Accurate alignment of one-dimensional 1H NMR spectra is a prerequisite for reliable metabolomics, but chemical shift variability, line shape asymmetry, and multiplet overlap continue to compromise conventional warping algorithms. In this study, we propose a fully automated, cluster-based alignment framework that enforces the physical constraints of scalar coupling. Within a single optimization loop, zero- and first-order phase parameters are refined, while the baseline is dynamically re-estimated. Peaks are extracted with a matched filter derived from an in-spectrum singlet, and multiplets are recognized by a jump-detection criterion applied to a cluster-distance vector.
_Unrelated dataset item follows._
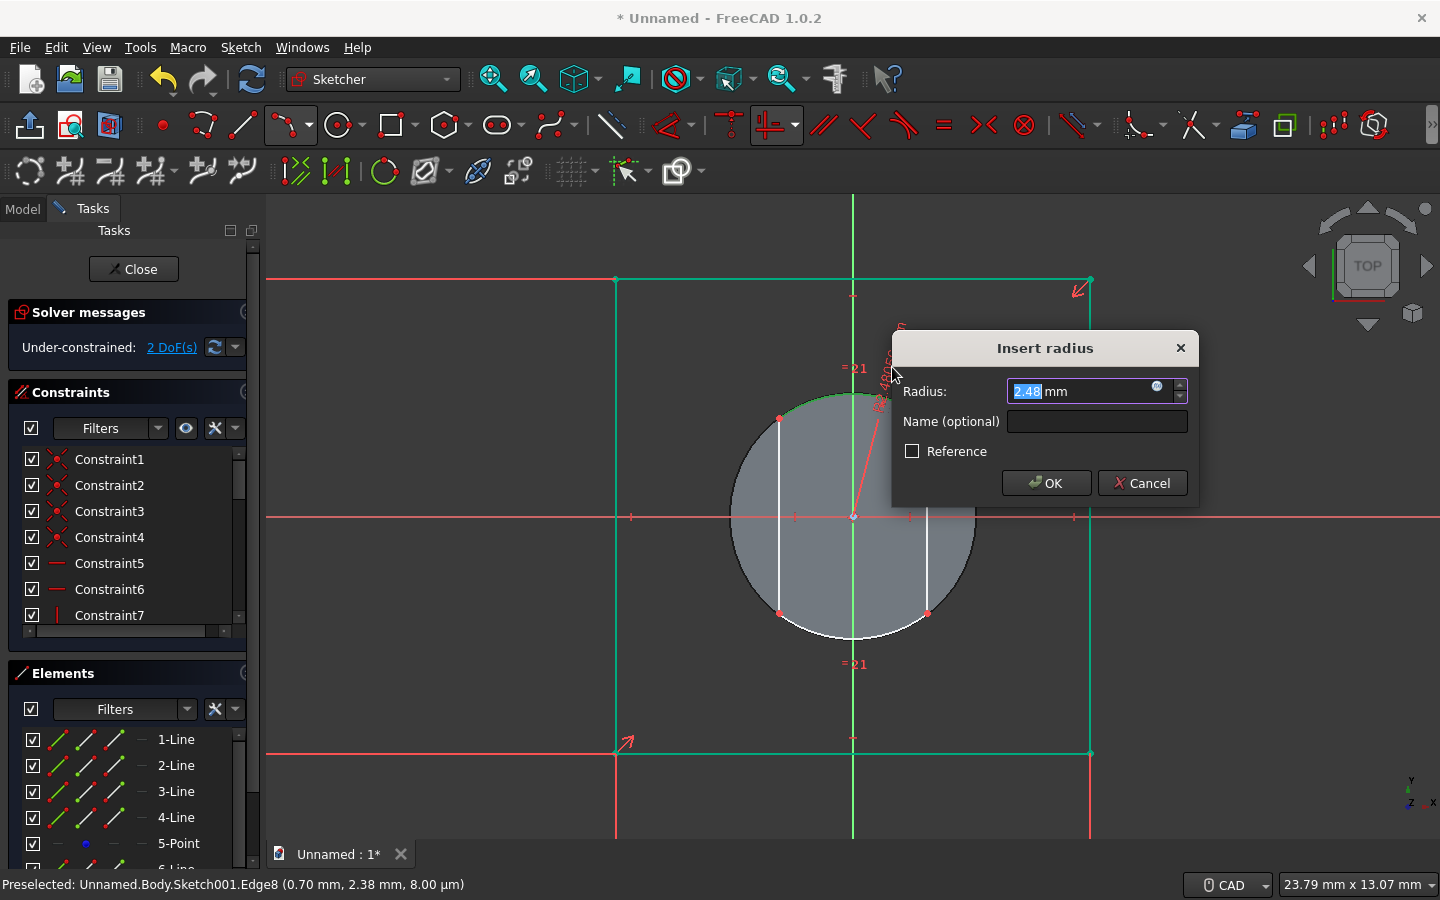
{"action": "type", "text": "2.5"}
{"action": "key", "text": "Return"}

Optimal peak-to-peak correspondence is then established under coupling-constant, binomial-intensity and coherent chemical-shift-variability rules, and a shift-corrected spectrum is reconstructed by cubic-spline interpolation. Validation on simulated spectra exhibiting severe "crossing chemical-shift variability" demonstrates accurate recovery of multiplet patterns. When applied to 81 1H NMR spectra of Lycium barbarum L. from three geographical origins, PCA demonstrates improved alignment accuracy and enhanced variance interpretation and geographical group discrimination. It is implemented in open-source Python for vendor format import, with demonstrated applicability to metabolomics or food-quality workflows.